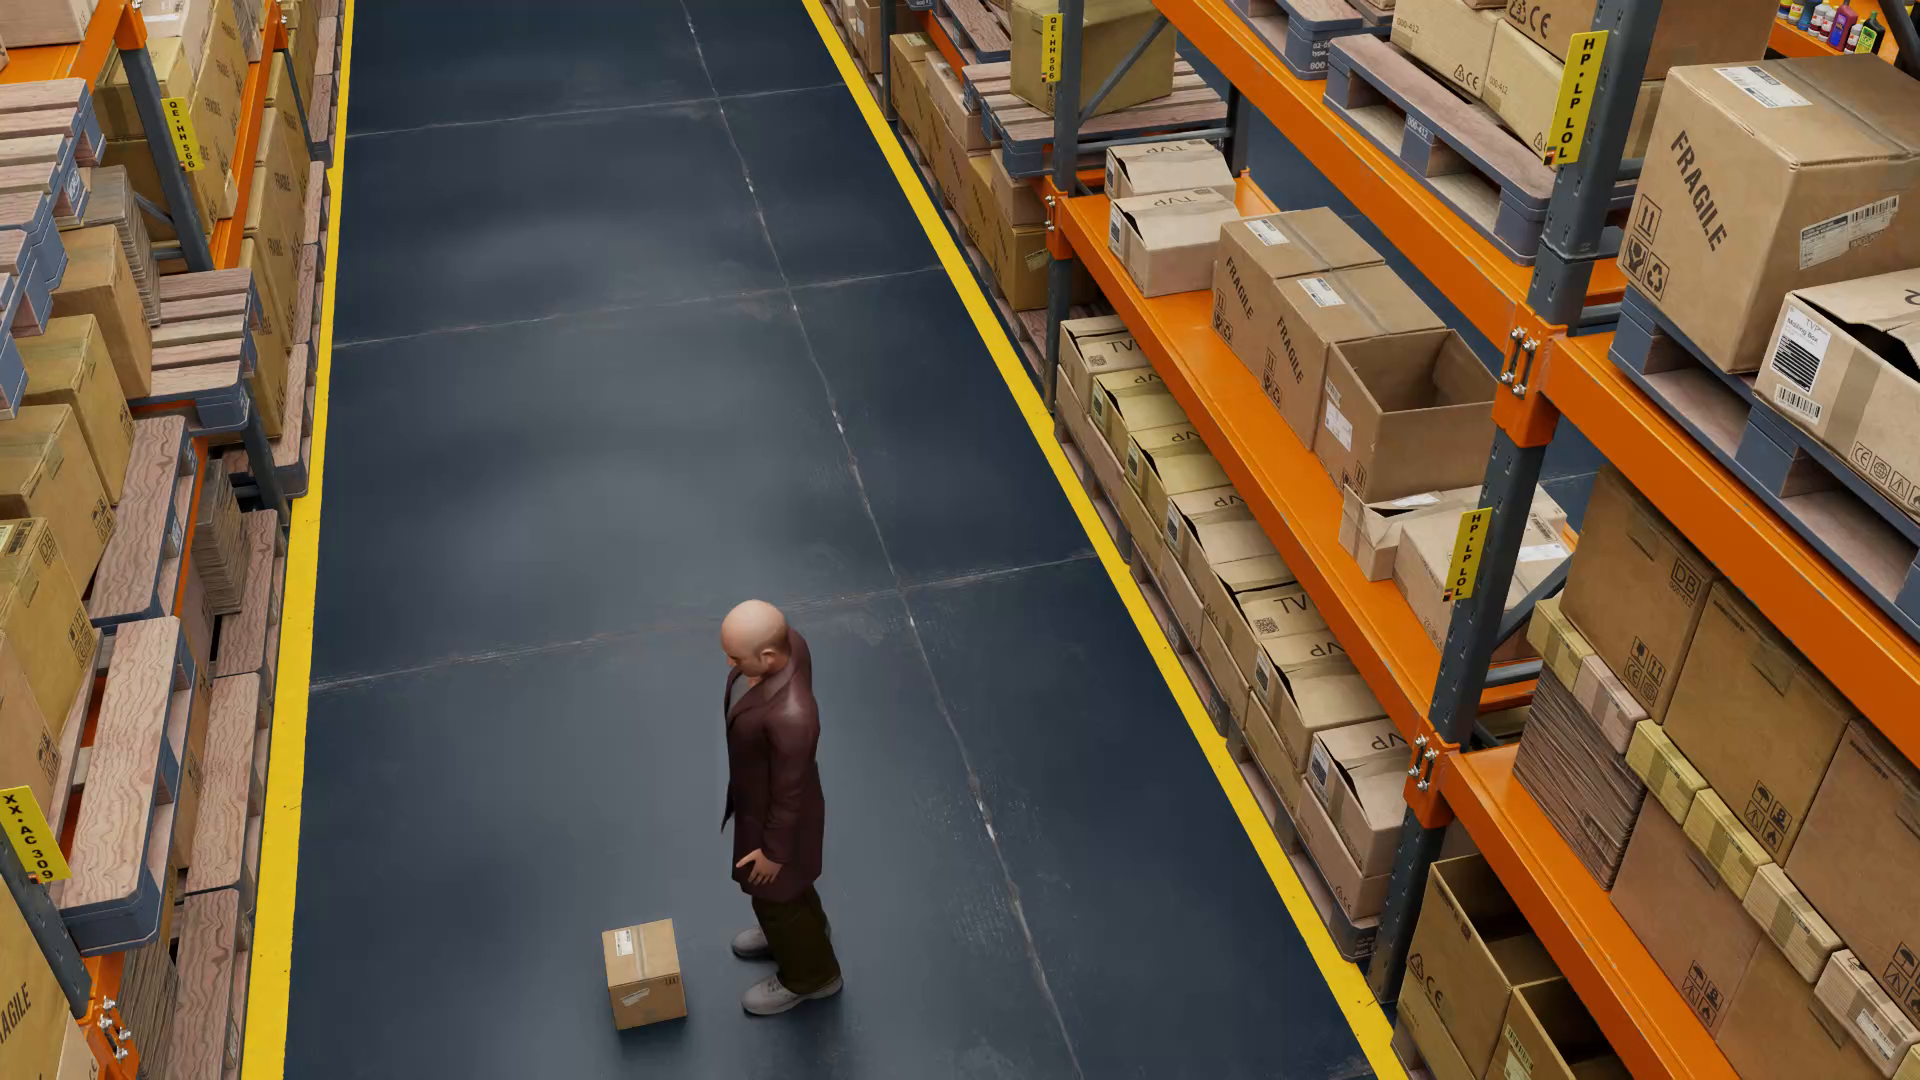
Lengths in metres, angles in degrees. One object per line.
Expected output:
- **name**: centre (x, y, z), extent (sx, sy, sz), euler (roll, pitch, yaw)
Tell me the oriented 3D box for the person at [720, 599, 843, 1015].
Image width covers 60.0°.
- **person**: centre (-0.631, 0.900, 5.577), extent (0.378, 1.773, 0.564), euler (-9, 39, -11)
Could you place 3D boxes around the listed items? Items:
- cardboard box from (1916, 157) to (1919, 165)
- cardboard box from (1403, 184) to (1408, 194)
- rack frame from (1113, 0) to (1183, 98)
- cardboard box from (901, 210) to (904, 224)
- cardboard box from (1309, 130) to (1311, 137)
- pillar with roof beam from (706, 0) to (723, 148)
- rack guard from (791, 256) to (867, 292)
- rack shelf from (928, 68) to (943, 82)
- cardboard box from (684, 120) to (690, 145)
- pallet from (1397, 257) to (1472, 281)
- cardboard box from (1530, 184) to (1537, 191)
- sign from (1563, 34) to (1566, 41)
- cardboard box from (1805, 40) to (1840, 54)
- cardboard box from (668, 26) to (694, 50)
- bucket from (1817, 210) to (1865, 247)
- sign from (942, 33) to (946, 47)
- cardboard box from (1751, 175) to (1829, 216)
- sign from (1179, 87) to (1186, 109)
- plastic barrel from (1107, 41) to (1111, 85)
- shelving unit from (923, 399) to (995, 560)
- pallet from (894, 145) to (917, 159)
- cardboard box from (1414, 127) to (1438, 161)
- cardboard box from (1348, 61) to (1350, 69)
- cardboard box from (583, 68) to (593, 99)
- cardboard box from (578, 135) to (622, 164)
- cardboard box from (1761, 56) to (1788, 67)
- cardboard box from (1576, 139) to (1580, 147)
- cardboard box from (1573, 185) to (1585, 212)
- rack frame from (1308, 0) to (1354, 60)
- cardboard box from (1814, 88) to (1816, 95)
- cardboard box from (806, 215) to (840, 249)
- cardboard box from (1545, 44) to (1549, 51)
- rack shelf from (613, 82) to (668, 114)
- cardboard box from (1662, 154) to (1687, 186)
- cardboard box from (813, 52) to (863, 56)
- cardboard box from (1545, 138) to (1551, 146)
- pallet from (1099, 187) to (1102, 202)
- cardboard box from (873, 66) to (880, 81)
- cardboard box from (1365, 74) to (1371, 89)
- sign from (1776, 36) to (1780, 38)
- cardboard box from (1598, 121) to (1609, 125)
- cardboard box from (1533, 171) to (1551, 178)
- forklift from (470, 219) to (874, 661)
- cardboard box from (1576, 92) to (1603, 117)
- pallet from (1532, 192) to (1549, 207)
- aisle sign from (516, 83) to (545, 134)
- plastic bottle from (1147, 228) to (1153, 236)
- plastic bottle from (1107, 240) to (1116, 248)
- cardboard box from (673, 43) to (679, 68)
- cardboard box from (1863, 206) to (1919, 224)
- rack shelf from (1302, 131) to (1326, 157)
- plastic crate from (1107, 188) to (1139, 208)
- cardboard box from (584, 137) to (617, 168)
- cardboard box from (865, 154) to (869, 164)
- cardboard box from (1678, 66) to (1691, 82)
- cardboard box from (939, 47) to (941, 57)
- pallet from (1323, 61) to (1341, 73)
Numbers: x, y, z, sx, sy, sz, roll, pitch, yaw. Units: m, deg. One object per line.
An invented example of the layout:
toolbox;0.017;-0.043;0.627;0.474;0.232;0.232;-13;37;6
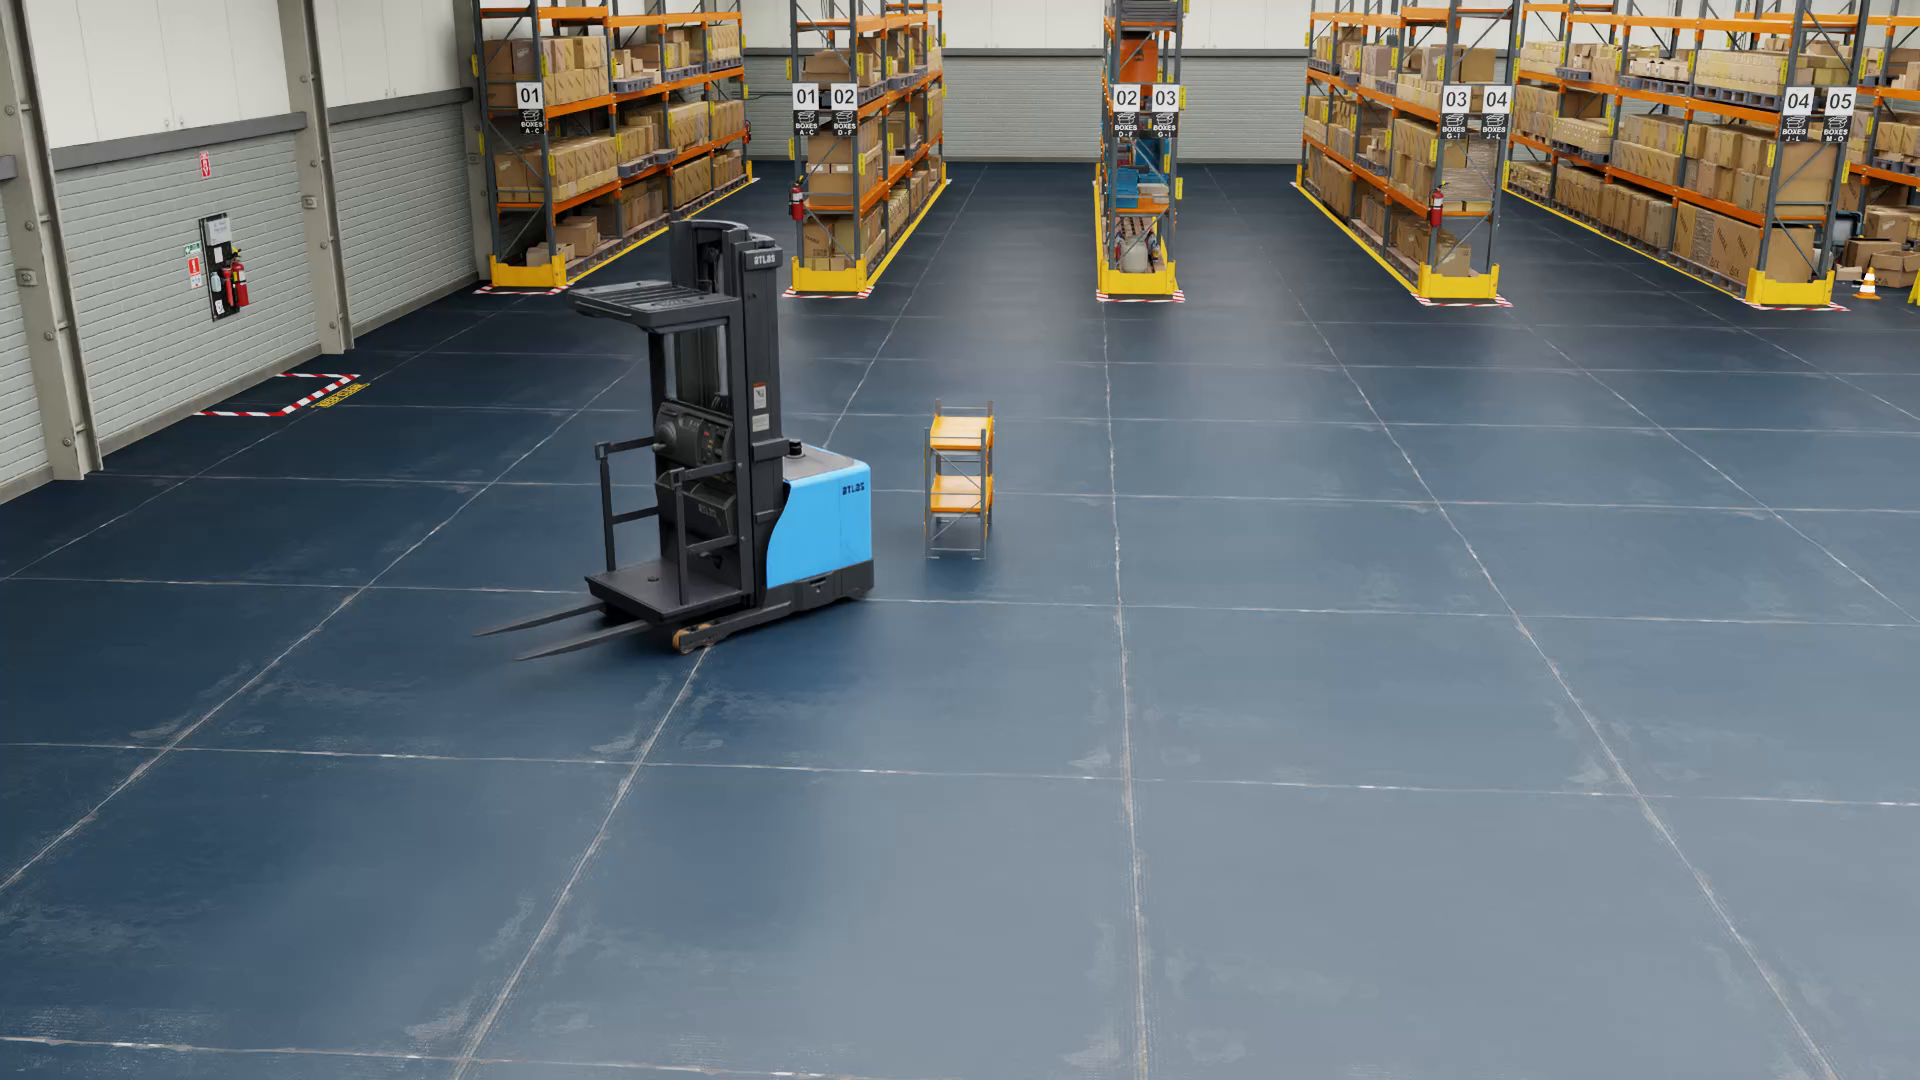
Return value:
* * *
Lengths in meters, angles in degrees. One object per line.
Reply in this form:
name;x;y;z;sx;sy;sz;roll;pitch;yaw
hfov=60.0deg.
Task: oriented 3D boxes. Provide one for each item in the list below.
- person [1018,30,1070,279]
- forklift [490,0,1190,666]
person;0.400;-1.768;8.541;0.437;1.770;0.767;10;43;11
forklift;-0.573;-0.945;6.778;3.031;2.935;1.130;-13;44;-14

Work required: Among the entries above, copy exactly only the lines starting with the one containing "Tell me the" and going through the one containing "Could you place", both ends included.

Solved exercise:
Tell me the oriented 3D box for the person at [720, 599, 843, 1015].
Image width covers 60.0°.
- **person**: centre (-0.631, 0.900, 5.577), extent (0.378, 1.773, 0.564), euler (-9, 39, -11)
Could you place 3D boxes around the listed items? Items:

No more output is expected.